The Yellowstone lockup was monitored by closed circuit television (CCTV) from the Yellowstone Justice Center, about a quarter mile from the lockup. If an emergency was noted on the CCTV, rangers could reach the lockup in 5 minutes. The IG noted that, since monitoring the CCTV was collateral duty for a dispatcher, an emergency might not be immediately noted and, even if it were, 5 minutes could be too much time in the event of a medical emergency. Although located on site, Yosemite detention officers failed to monitor prisoners in person every half hour, often relying on CCTV instead.

The IG found that neither park met the manuals' requirements for monitoring of prisoners, inspections, emergency planning, evacuation planning or the use of CCTV. Amazingly, the report noted that neither facility had written plans for fires nor major emergencies and neither had performed the mandatory quarterly evacuation drills. Both facilities also lacked a formal inspection program to review operations, equipment and facilities and lacked sufficient female officers to conduct same-sex pat down searches.
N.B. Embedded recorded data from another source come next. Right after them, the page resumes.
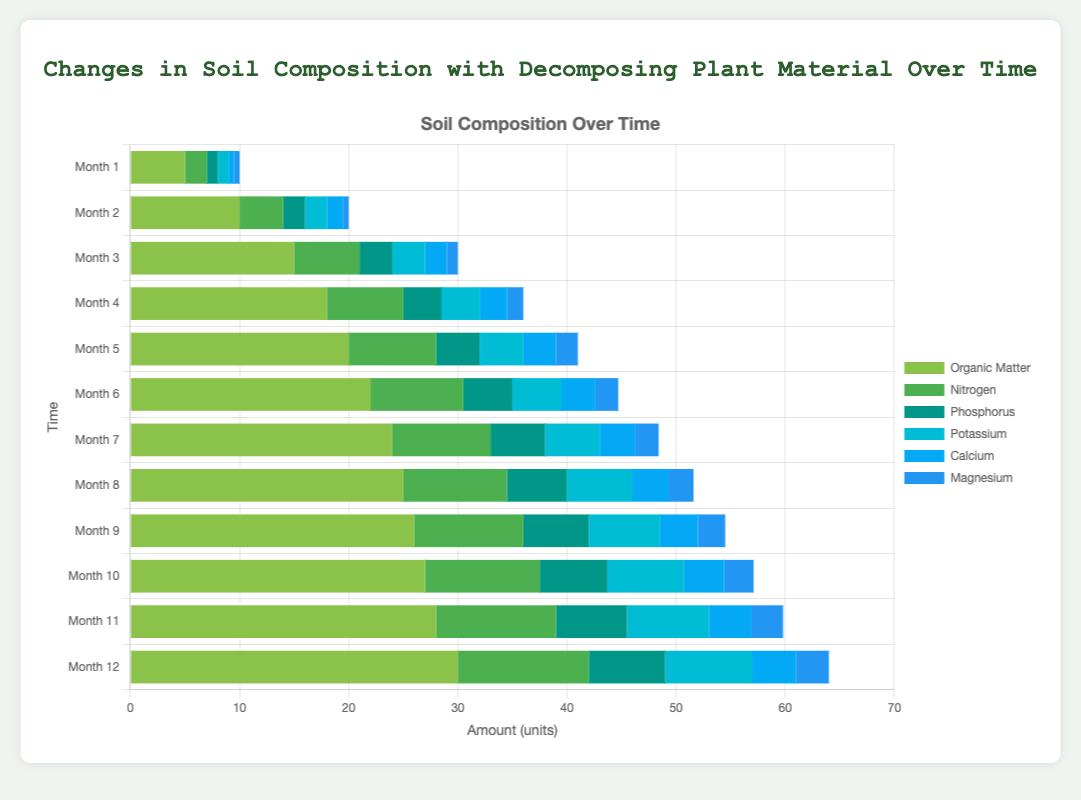What is the difference in the amount of Magnesium between Month 1 and Month 12? To find the difference, subtract the amount of Magnesium in Month 1 from the amount in Month 12. Month 12 has 3 units and Month 1 has 0.5 units, so the difference is 3 - 0.5 = 2.5
Answer: 2.5 Which month has the highest amount of Organic Matter? By examining the chart, we observe that the height of the Organic Matter component increases over time, with the highest value in Month 12 at 30 units.
Answer: Month 12 Is the amount of Nitrogen in Month 6 greater than the amount of Phosphorus in Month 12? Check the values for Nitrogen in Month 6 and Phosphorus in Month 12. Month 6 has 8.5 units of Nitrogen, and Month 12 has 7 units of Phosphorus. Since 8.5 is greater than 7, the answer is yes.
Answer: Yes Which elements reach their peak values in Month 12? By analyzing the chart, we see that all elements (Organic Matter, Nitrogen, Phosphorus, Potassium, Calcium, Magnesium) increase over time and peak in Month 12.
Answer: All elements How much total Nitrogen is added to the soil over the first three months? Sum the Nitrogen amounts for the first three months: 2 (Month 1) + 4 (Month 2) + 6 (Month 3) = 12
Answer: 12 What is the average amount of Potassium from Month 4 to Month 6? Sum the amounts of Potassium for Months 4, 5, and 6, then divide by 3. The values are 3.5, 4, and 4.5, respectively. Sum = 3.5 + 4 + 4.5 = 12. Divide by 3: 12 / 3 = 4
Answer: 4 Which element in Month 7 has the smallest amount and what is its value? In Month 7, the elements have the following values: Organic Matter (24), Nitrogen (9), Phosphorus (5), Potassium (5), Calcium (3.2), Magnesium (2.2). The smallest amount is Magnesium at 2.2.
Answer: Magnesium, 2.2 By how much does the total amount of Calcium change from Month 1 to Month 12? Subtract the amount of Calcium in Month 1 from that in Month 12. Month 1 has 0.5 units and Month 12 has 4 units. Difference is 4 - 0.5 = 3.5
Answer: 3.5 In which month does Organic Matter surpass 20 units for the first time? By examining the chart, Organic Matter surpasses 20 units in Month 6, where it reaches 22 units.
Answer: Month 6 
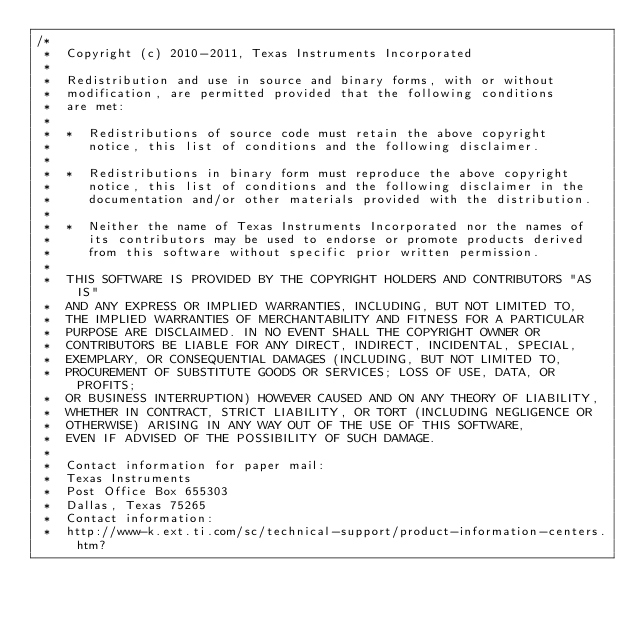Convert code to text. <code><loc_0><loc_0><loc_500><loc_500><_C_>/*
 *  Copyright (c) 2010-2011, Texas Instruments Incorporated
 *
 *  Redistribution and use in source and binary forms, with or without
 *  modification, are permitted provided that the following conditions
 *  are met:
 *
 *  *  Redistributions of source code must retain the above copyright
 *     notice, this list of conditions and the following disclaimer.
 *
 *  *  Redistributions in binary form must reproduce the above copyright
 *     notice, this list of conditions and the following disclaimer in the
 *     documentation and/or other materials provided with the distribution.
 *
 *  *  Neither the name of Texas Instruments Incorporated nor the names of
 *     its contributors may be used to endorse or promote products derived
 *     from this software without specific prior written permission.
 *
 *  THIS SOFTWARE IS PROVIDED BY THE COPYRIGHT HOLDERS AND CONTRIBUTORS "AS IS"
 *  AND ANY EXPRESS OR IMPLIED WARRANTIES, INCLUDING, BUT NOT LIMITED TO,
 *  THE IMPLIED WARRANTIES OF MERCHANTABILITY AND FITNESS FOR A PARTICULAR
 *  PURPOSE ARE DISCLAIMED. IN NO EVENT SHALL THE COPYRIGHT OWNER OR
 *  CONTRIBUTORS BE LIABLE FOR ANY DIRECT, INDIRECT, INCIDENTAL, SPECIAL,
 *  EXEMPLARY, OR CONSEQUENTIAL DAMAGES (INCLUDING, BUT NOT LIMITED TO,
 *  PROCUREMENT OF SUBSTITUTE GOODS OR SERVICES; LOSS OF USE, DATA, OR PROFITS;
 *  OR BUSINESS INTERRUPTION) HOWEVER CAUSED AND ON ANY THEORY OF LIABILITY,
 *  WHETHER IN CONTRACT, STRICT LIABILITY, OR TORT (INCLUDING NEGLIGENCE OR
 *  OTHERWISE) ARISING IN ANY WAY OUT OF THE USE OF THIS SOFTWARE,
 *  EVEN IF ADVISED OF THE POSSIBILITY OF SUCH DAMAGE.
 *
 *  Contact information for paper mail:
 *  Texas Instruments
 *  Post Office Box 655303
 *  Dallas, Texas 75265
 *  Contact information:
 *  http://www-k.ext.ti.com/sc/technical-support/product-information-centers.htm?</code>

The $6.8 million Yellowstone Justice Center was constructed in 2008 to replace a building originally built in 1903 as an engineer's office. It was supposed to include a detention wing, but budget constrains resulted in the cancellation of that wing. Thus, prisoners at Yellowstone are detained in a building built by the U.S. Army in 1911 for use as a guard house.

"The facility was refurbished in 2009 to modern jail standards," according to Yellowstone spokesman A1 Nash. "It contains 4 cells and can holdup to 18 prisoners."

It was "somewhat ironic that the federal government wasn't following its own rules," said PLN managing editor and prisoner advocate Alex Friedmann.

"It's usually the case that the federal government is very big on making sure regulations are followed by everyone. If you're going to run a lockup and deprive people of one of their fundamental rights, maybe you need to do it properly and according to your own rules."

Friedmann noted that a person locked up for being under the influence of drugs or alcohol might soon suffer from potentially fatal health problems caused by the drugs or alcohol and require immediate medical attention, yet might go unnoticed for hours on an intermittently monitored CCTV. He also questioned whether Yellowstone needed its own federal jail and courthouse since it is no longer a remote, inaccessible outpost.